> **ACTIVITY**
The lines to be extracted run from the start of the listing through the line containing "5) sofa <box>300,388,476,553</box>"; copy them exactly and nothing else.

> **SUPPLIED INFORMATION**
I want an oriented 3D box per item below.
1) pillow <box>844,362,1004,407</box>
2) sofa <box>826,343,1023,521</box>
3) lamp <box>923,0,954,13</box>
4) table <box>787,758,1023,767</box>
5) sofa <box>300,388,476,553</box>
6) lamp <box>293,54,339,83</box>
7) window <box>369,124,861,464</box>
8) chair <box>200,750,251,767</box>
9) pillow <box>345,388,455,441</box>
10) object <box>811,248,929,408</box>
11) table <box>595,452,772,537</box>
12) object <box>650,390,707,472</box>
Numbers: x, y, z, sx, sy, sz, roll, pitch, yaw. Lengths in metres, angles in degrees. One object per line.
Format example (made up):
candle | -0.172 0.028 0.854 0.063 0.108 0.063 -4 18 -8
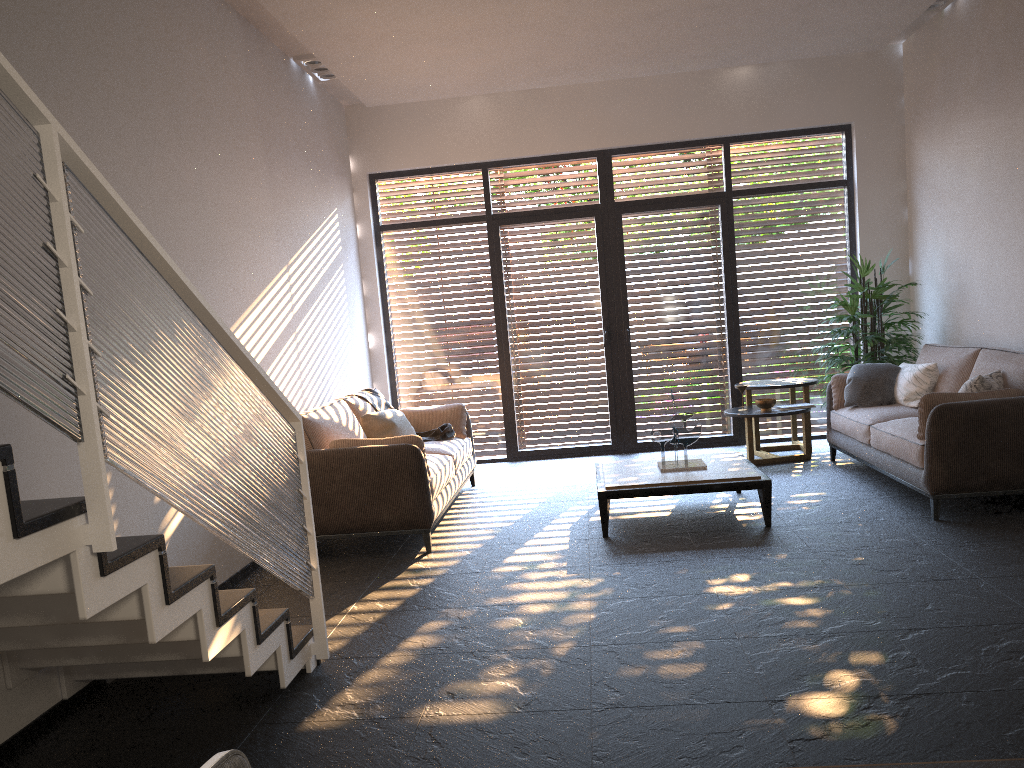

> **THE COMPLETED TASK**
I want an oriented 3D box per item below.
1) pillow <box>844,362,1004,407</box>
2) sofa <box>826,343,1023,521</box>
3) lamp <box>923,0,954,13</box>
4) table <box>787,758,1023,767</box>
5) sofa <box>300,388,476,553</box>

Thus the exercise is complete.